Data extract START

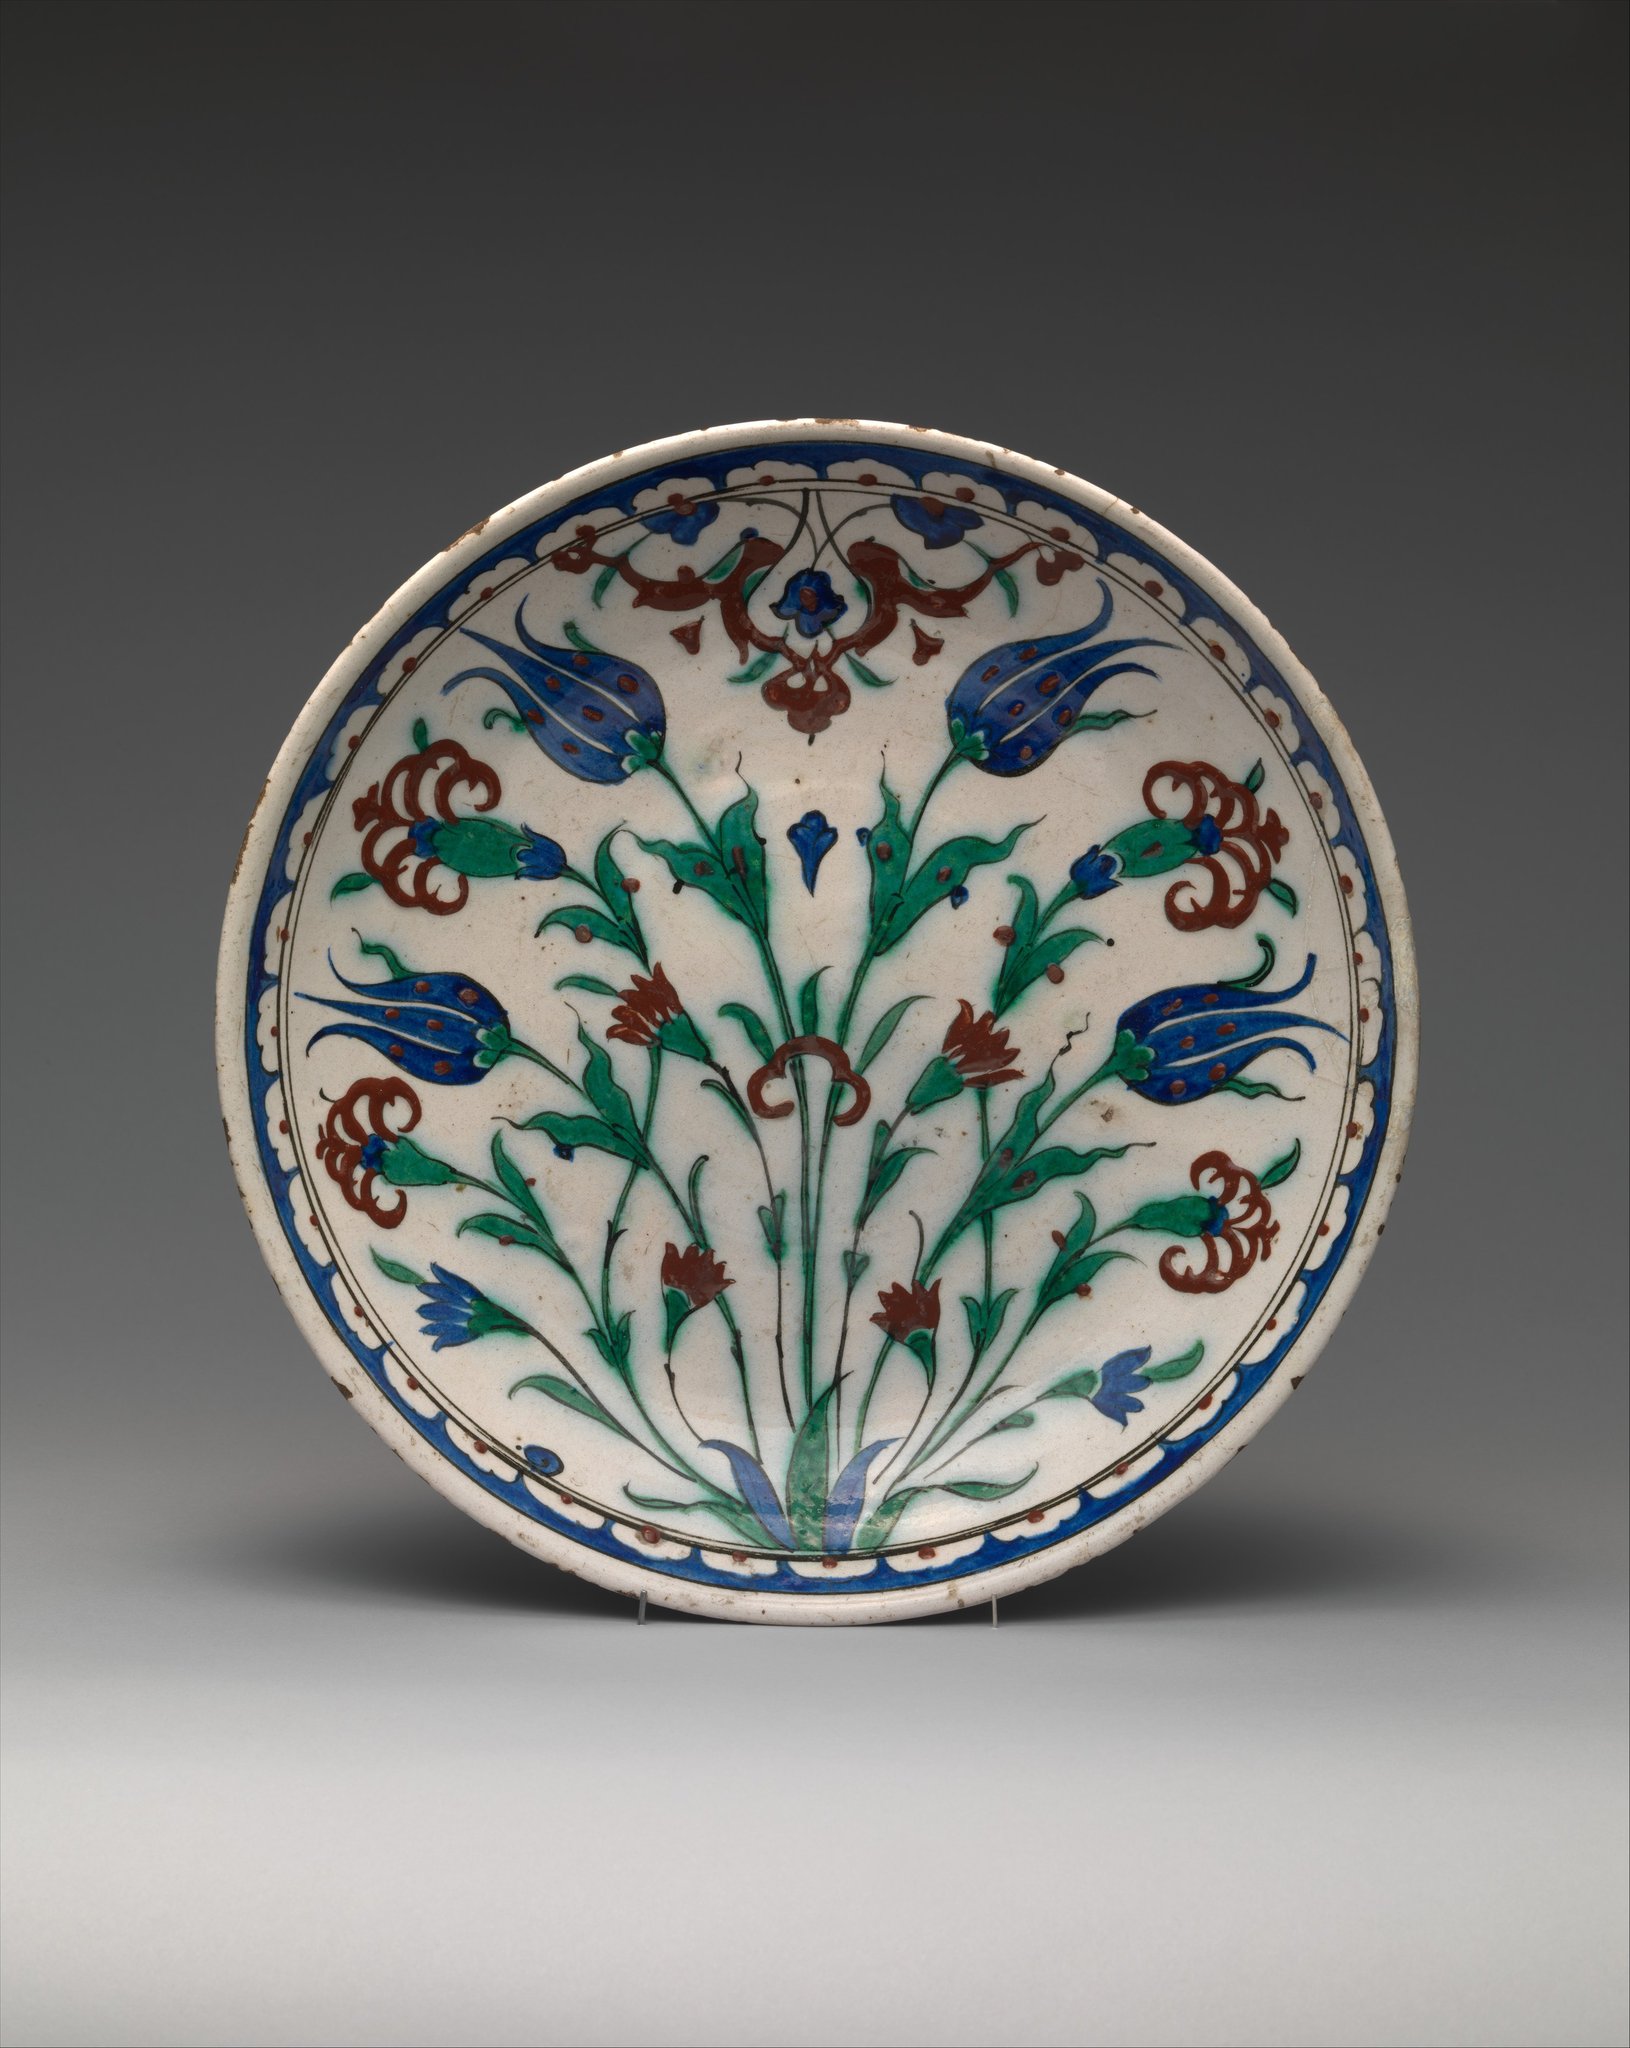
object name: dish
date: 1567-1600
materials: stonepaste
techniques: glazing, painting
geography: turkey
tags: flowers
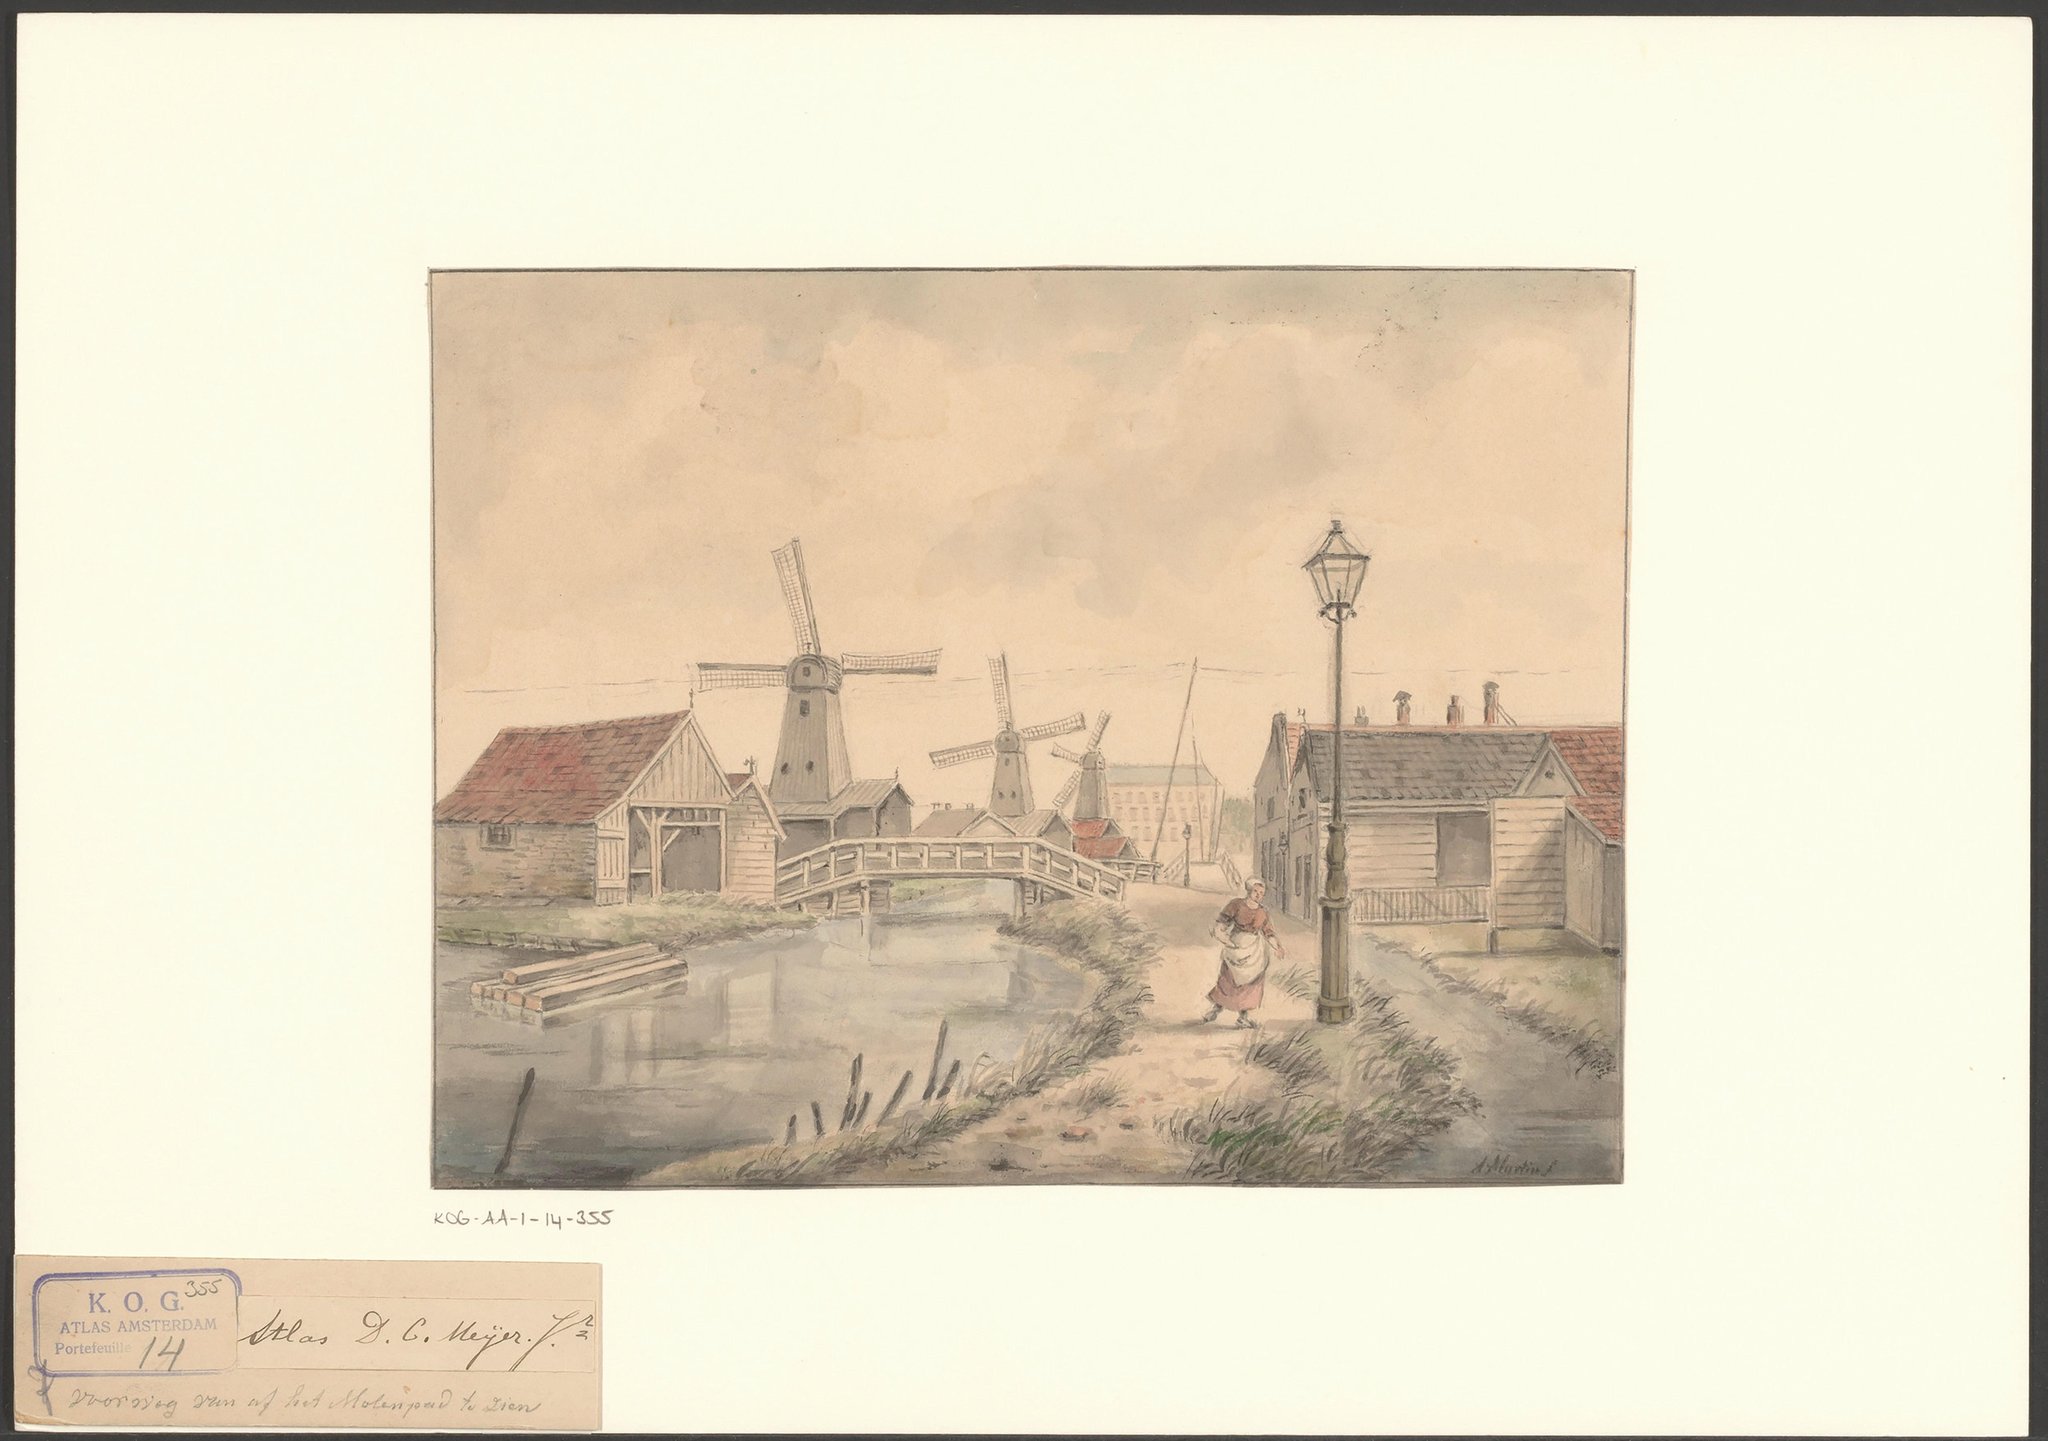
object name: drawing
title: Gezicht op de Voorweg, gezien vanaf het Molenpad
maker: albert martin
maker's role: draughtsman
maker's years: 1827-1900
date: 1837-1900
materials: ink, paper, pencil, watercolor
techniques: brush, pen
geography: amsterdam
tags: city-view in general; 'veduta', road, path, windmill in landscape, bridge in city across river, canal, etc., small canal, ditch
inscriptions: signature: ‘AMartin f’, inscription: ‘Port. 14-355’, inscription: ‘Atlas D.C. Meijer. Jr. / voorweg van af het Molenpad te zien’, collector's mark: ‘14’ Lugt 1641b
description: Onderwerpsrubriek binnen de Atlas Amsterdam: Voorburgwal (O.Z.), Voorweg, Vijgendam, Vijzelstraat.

Data extract END

#### [About this exercise]
Copy the data word for word, no pictures.

#### [Answer]
object name: dish
date: 1567-1600
materials: stonepaste
techniques: glazing, painting
geography: turkey
tags: flowers
object name: drawing
title: Gezicht op de Voorweg, gezien vanaf het Molenpad
maker: albert martin
maker's role: draughtsman
maker's years: 1827-1900
date: 1837-1900
materials: ink, paper, pencil, watercolor
techniques: brush, pen
geography: amsterdam
tags: city-view in general; 'veduta', road, path, windmill in landscape, bridge in city across river, canal, etc., small canal, ditch
inscriptions: signature: ‘AMartin f’, inscription: ‘Port. 14-355’, inscription: ‘Atlas D.C. Meijer. Jr. / voorweg van af het Molenpad te zien’, collector's mark: ‘14’ Lugt 1641b
description: Onderwerpsrubriek binnen de Atlas Amsterdam: Voorburgwal (O.Z.), Voorweg, Vijgendam, Vijzelstraat.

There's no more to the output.